Tick all seven and the kernel is production-ready; miss the cross-check and you will eventually ship a confidently sub-optimal schedule.

12.3 Migration notes — evolving the scheduler safely

Real schedulers grow new requirements over time. Sequence the changes so each stays in the tractable regime:

  • From 1 to k machines. A backward-compatible change: scale slot capacity to k (or the heap threshold to k·d). k = 1 reproduces the original. Ship behind a config flag, validate with the cross-check, then roll out.
  • From small to timestamp deadlines.

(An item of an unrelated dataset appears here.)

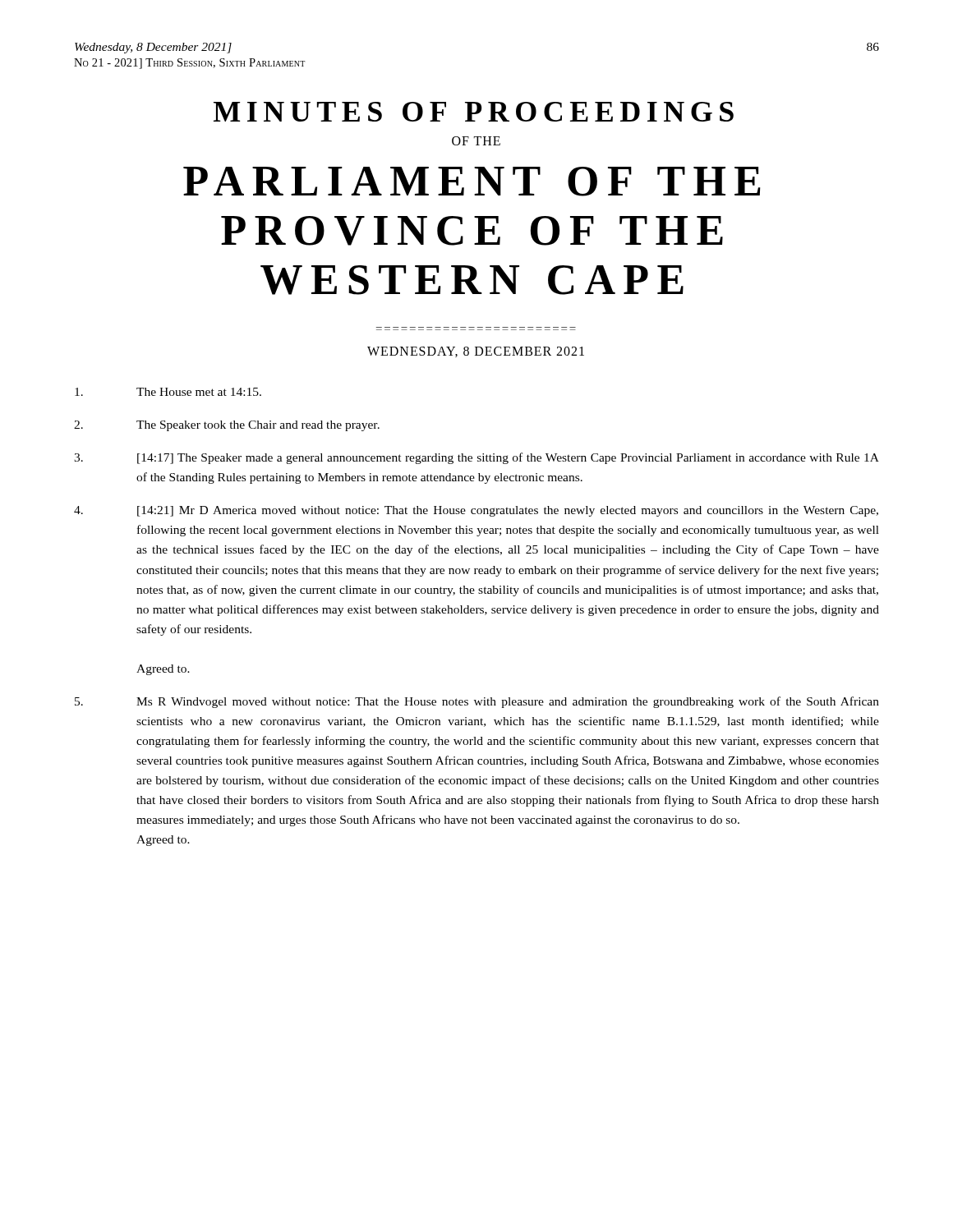Click the passage that begins "5. Ms R Windvogel moved without notice:"
The width and height of the screenshot is (953, 1232).
tap(476, 770)

Switch the default allocator from array to hash/heap before deadlines grow, or you will OOM. Add the selectAllocator router (§5.2) and a deadline-range metric so the migration is observable.
  • Adding a second resource constraint (machine eligibility). This leaves the single-matroid regime; the greedy is no longer optimal. Migrate to matroid intersection / min-cost flow (professional.md §10.2) — a genuine algorithm change, not a tweak. Gate it carefully and keep the greedy as a fast path for the unconstrained majority of batches.
  • Adding variable durations. This crosses into NP-hardness (1 || Σ wⱼ Uⱼ). Replace the greedy with a pseudo-polynomial DP or an FPTAS, accept the latency hit, and bound input sizes. Do not pretend the greedy still applies — it will silently return sub-optimal schedules.

The discipline: classify every new requirement as parameter change (stays optimal: k machines, weights), data-structure change (stays optimal: allocator swap for large D), or regime change (leaves the greedy: second matroid, variable lengths). Only the first two are safe incremental edits; the third demands a new algorithm and a new round of correctness proofs.